Tuesday 9 October 2018

bioinformatics - Scoring matrices (BLOSUM & PAM) in BLAST and other sequence-comparison programs


The Wikipedia page on BLAST states that:



The scores are created by comparing the word in the list in step 2* with all the 3-letter words. By using the scoring matrix (substitution matrix) to score the comparison of each residue pair, there are 203 possible match scores for a 3-letter word. For example, the score obtained by comparing PQG with PEG and PQA is 15 and 12, respectively with the BLOSUM62 weighting scheme.



I do not understand how they got a score of 15 for PQG v. PEG. What is a scoring matrix, how is it computed, and how is it used?






  • Step 2 on that page is Make a k-letter word list of the query sequence: “Take k=3 for example, we list the words of length 3 in the query protein sequence (k is usually 11 for a DNA sequence) sequentially, until the last letter of the query sequence is included”.



Answer



The two most common families of scoring matrices are BLOSUM and PAM. Each of them has a score for every possible alignment combination between the 20 standard amino acids1. They both do more or less the same job but have been derived using different approaches.


BLOSUM matrices


BLOSUM62 matrix


(image taken from Wikipedia)


The BLOSUM matrices are built from actual alignments between very conserved regions of protein families. The score for a given pair of amino acids aligning with each other is the log-odds score measuring how often this particular alignment is found and how often it would be expected to be found by chance:


$$ S_{ij} = \left ( \frac{1}{\lambda} \right ) \left ( \frac{p_{ij}}{q_i * q_j} \right )$$


Where $p_{ij}$ is the probability of finding the two amino acids $i$ and $j$ aligned to each other in a homologous sequence and $q_i$ and $q_j$ the background probability of finding the amino acids $i$ and $j$ in any protein sequence. The $\lambda$ is a scaling factor set to ensure that the matrix contains easily computable integer values.



In simple words, the BLOSUM matrices give you a score based on how often the alignment you observe in your sequences is found in alignments of similar sequences.
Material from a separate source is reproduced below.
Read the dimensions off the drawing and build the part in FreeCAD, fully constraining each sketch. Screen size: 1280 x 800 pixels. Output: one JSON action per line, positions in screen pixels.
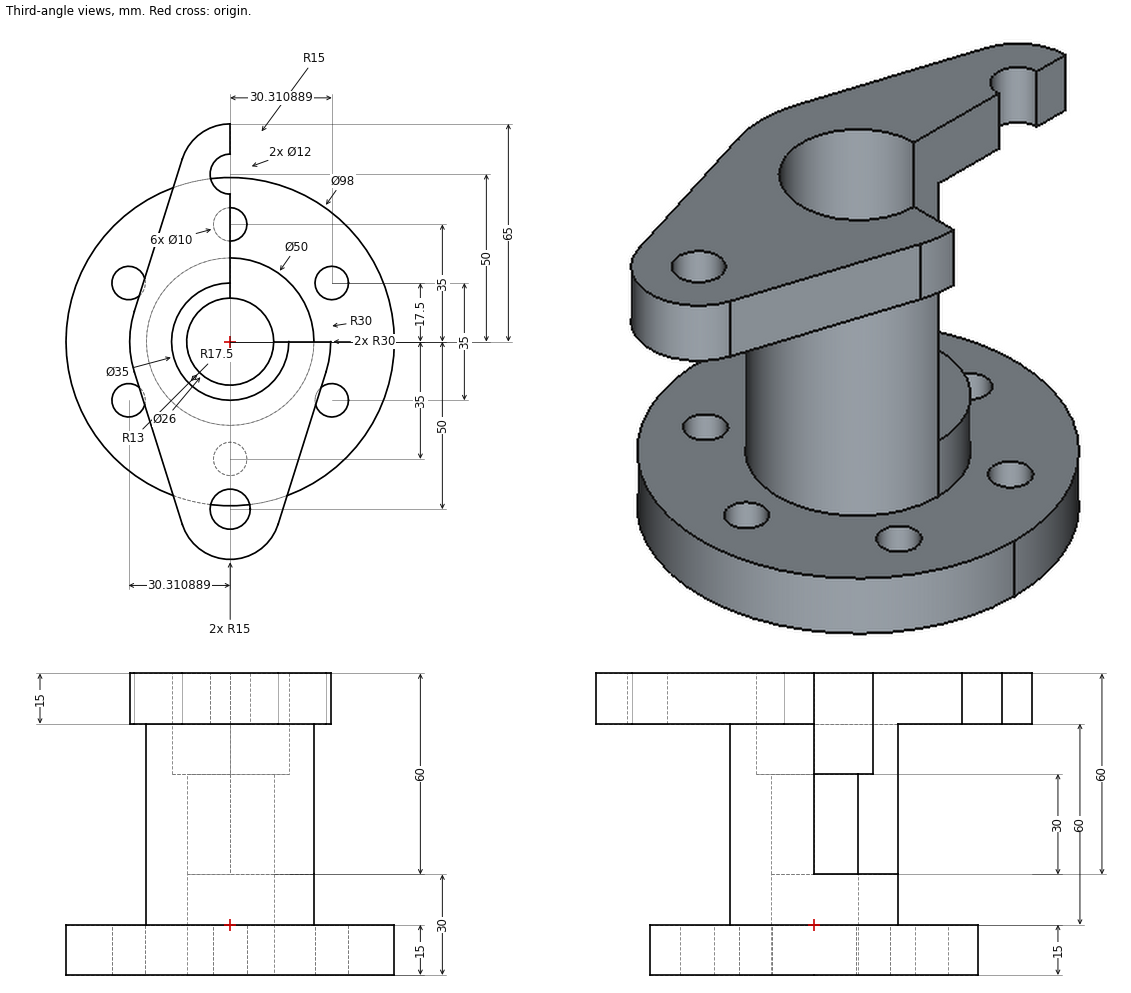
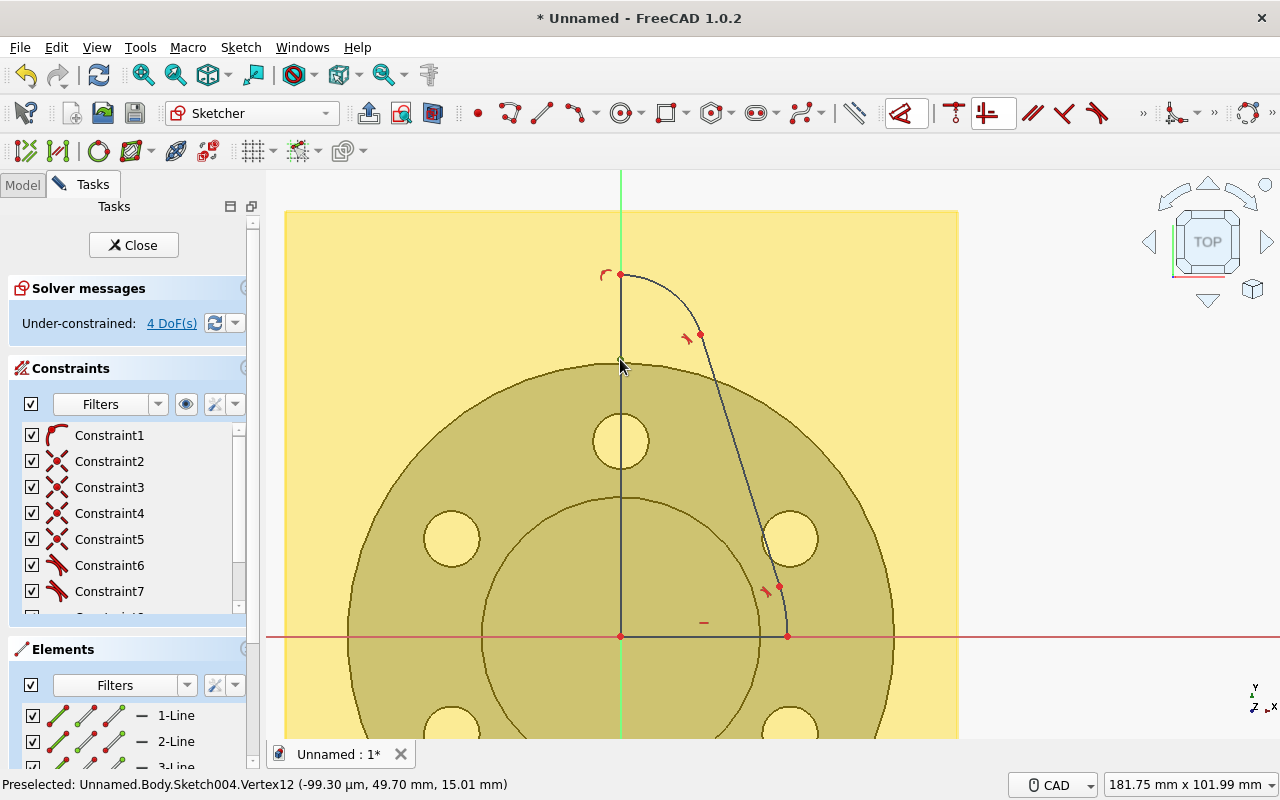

There are several BLOSUM matrices which have been computed using proteins of more or less sequence similarity. The most commonly used one is BLOSUM62 which was built using alignments between proteins of $\ge 62\%$ sequence identity. This is a nice middle ground and will do for most cases. If you are comparing proteins that are very closely related, you might want to use a matrix based on more similar sequences such as BLOSUM90 (built from sequences with $\ge 90\%$ sequence sequence identity) and for less conserved proteins, you might use something like BLOSUM45 ($\ge45\%$ sequence identity).


PAM matrices


The PAM matrices are built using a different approach. First, a global alignment (as opposed to the local ones used in BLOSUM) of of a set of sequences sharing 85% sequence identity is computed. Then, a score for the alignment of all possible pairs of amino acids is calculated based on its observed frequency in the aligned proteins. Then, the scores are extrapolated to alignments of different sequence similarity using mathematical tools. The PAM matrices assume a model of protein evolution and score the alignments based on that model.


The PAM-I matrix is the only one that was actually built from real alignments. The rest were obtained by multiplying PAM-I by itself N times. In PAM, unlike in BLOSUM, the higher numbers correspond to greater evolutionary distances between proteins.




With all that in mind, the scoring matrices are used by BLAST to calculate the score of the alignment. You can think of this score as the sum of the scores of each individual pair of aligned amino acids in your BLAST result.


Useful references:






1The non-standard amino acids Selenocysteine and Pyrrolysine are not included in any matrix I know of, probably because they are too rare for any reasonable conclusion to be drawn from statistic analyses.